A partnership between Polyphony and the FIA commenced with a handful of Gran Turismo 6's real-life tracks receiving official approval, and with the introduction of an official FIA Online Championship next year it's set to go further still. Details, as is so often the case with Yamauchi, are hazy - "I'm not sure how we'll do it right now," he says, "I think on Gran Turismo 6 it'll be something like a pre-season series, and it's more realistic to say we'll have the complete series in Gran Turismo 7" - but it's a partnership being taken seriously by both sides, with the winner each season to be recognised at the FIA's glitzy annual prize-giving ceremony.

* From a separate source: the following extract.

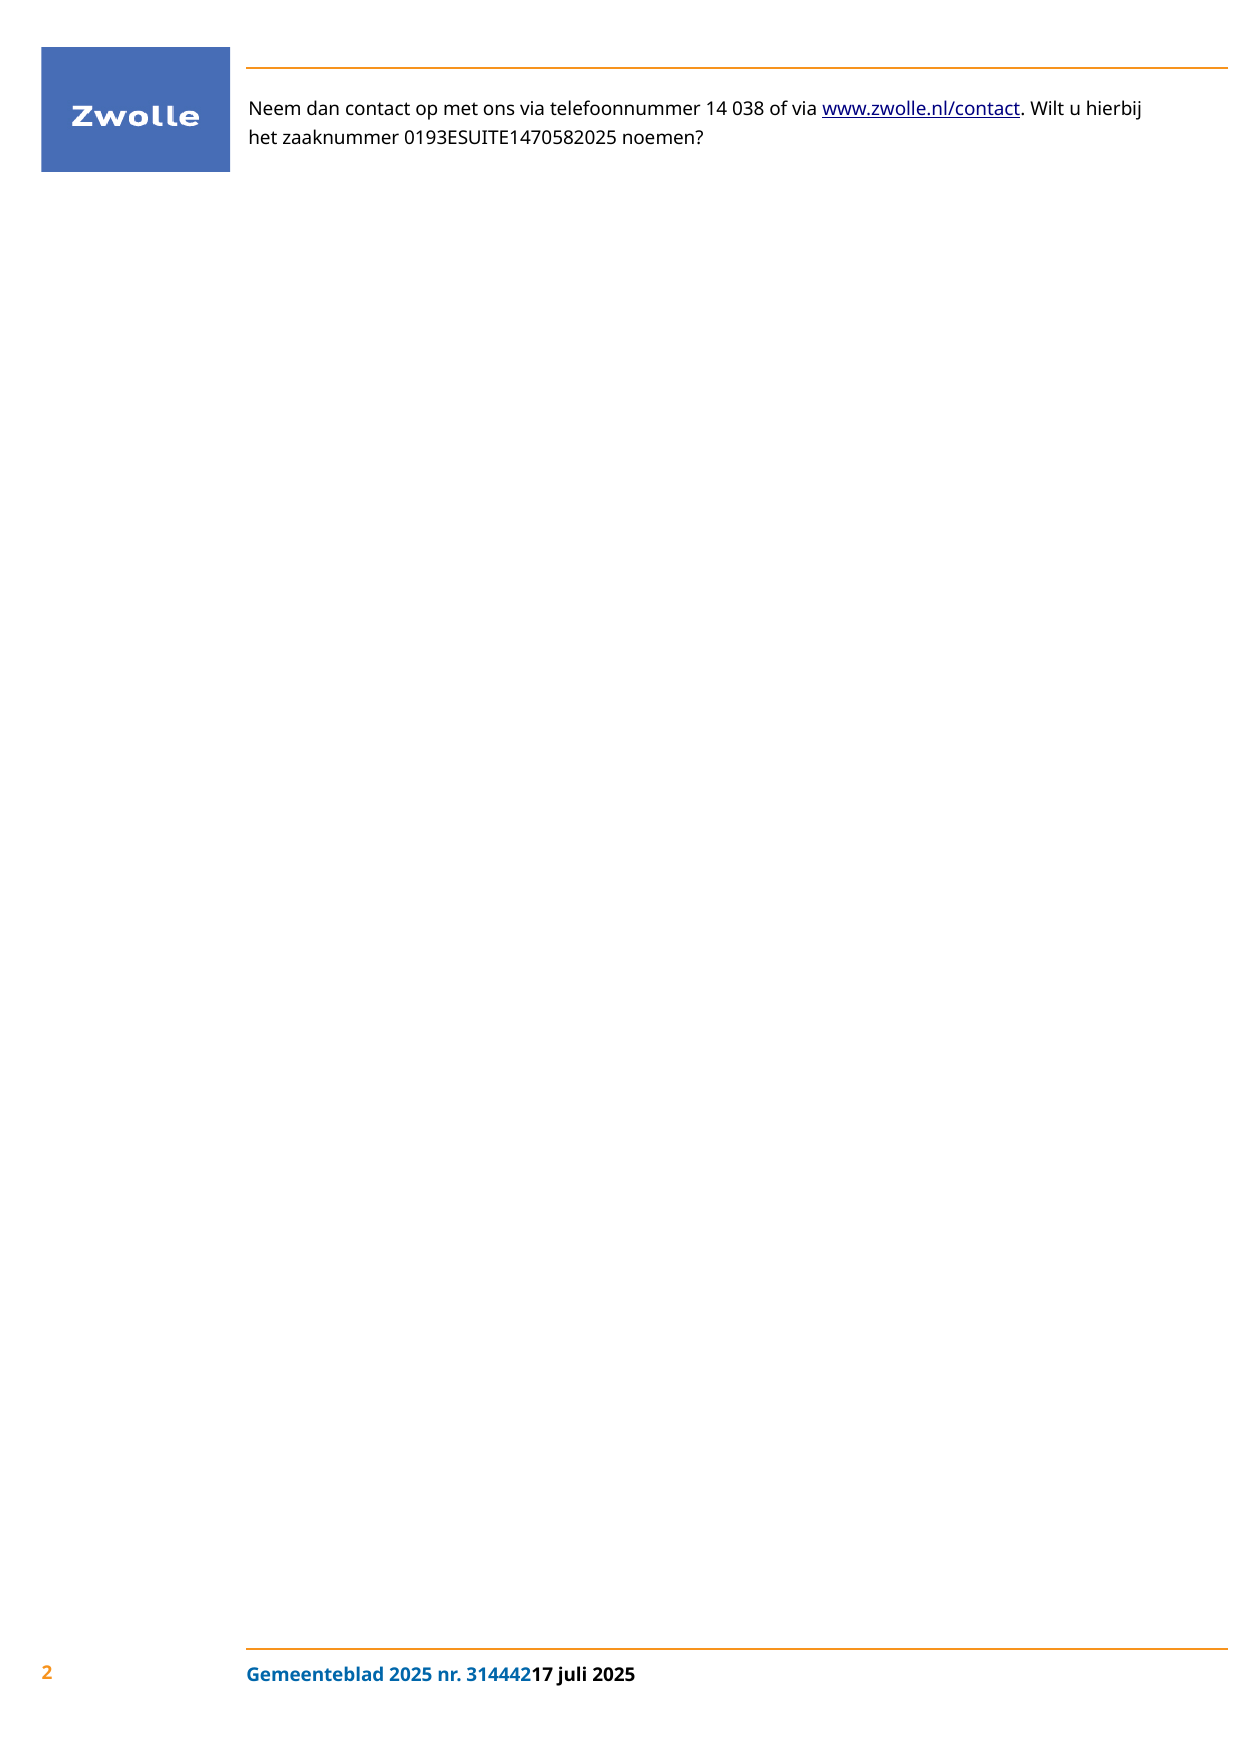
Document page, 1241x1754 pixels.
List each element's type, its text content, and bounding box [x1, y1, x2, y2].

text Neem dan contact op met ons via telefoonnummer 14 038 of via www.zwolle.nl/contact. Wilt u hierbij het zaaknummer 0193ESUITE1470582025 noemen? [248, 95, 1152, 150]
picture [41, 47, 231, 172]

The partnership puts Gran Turismo in a position where licences such as the World Endurance Championship should be more readily available - "It'll be easier," says Yamauchi - though the possibilities don't end there. "One of the important things for us, it's beyond our expectation how much people in the FIA like Jean Todt don't differentiate between the virtual and the real. They're treating it on the same level."
Ask whether, with the partnership in place, Polyphony can make Gran Turismo to the world of cars and motorsport what FIFA is to football, and Yamauchi immediately wants to go bigger. "That's a good question," he says. "Football has a lot of fans. The population of motorsport fans is much, much smaller than that of football fans. And it's declining over the years. We have a sense of urgency regarding the fact that it's declining - both myself and Jean Todt."
The point is pertinent, especially at a time when, in the face of declining viewing figures, Formula 1 seems to be imploding, introducing double points and standing restarts, while the FIA's own Formula E is making its own curious attempts to engage a broader audience. In the midst of the sport's attempts to revive itself, the partnership with Gran Turismo and introduction of an official online championship are some of the more sensible ideas.
"This collaboration is really something that's necessary for the industry," says Yamauchi. "Without it, our car culture is really going to become much, much smaller than it is now. Of course, if we could reach the level of FIFA that'd be wonderful. But before we can see that dreamlike state, we need to be realistic and really work at what we have."
Yamauchi being Yamauchi, it doesn't stop there. "The FIA's a huge challenge, obviously," he says. "Below the FIA there are over 100 automobile clubs all over the world, and it's more than just car manufacturers. So we'll be communicating with all of them, to think about what's necessary for the next 100 years of motorsport."
And does he see Gran Turismo as playing a part in motorsport's reinvention over the next century? Kazunori Yamauchi smiles and nods in affirmation, before he returns to the Festival of Speed and the other countless dreams being played out across the grounds of Goodwood.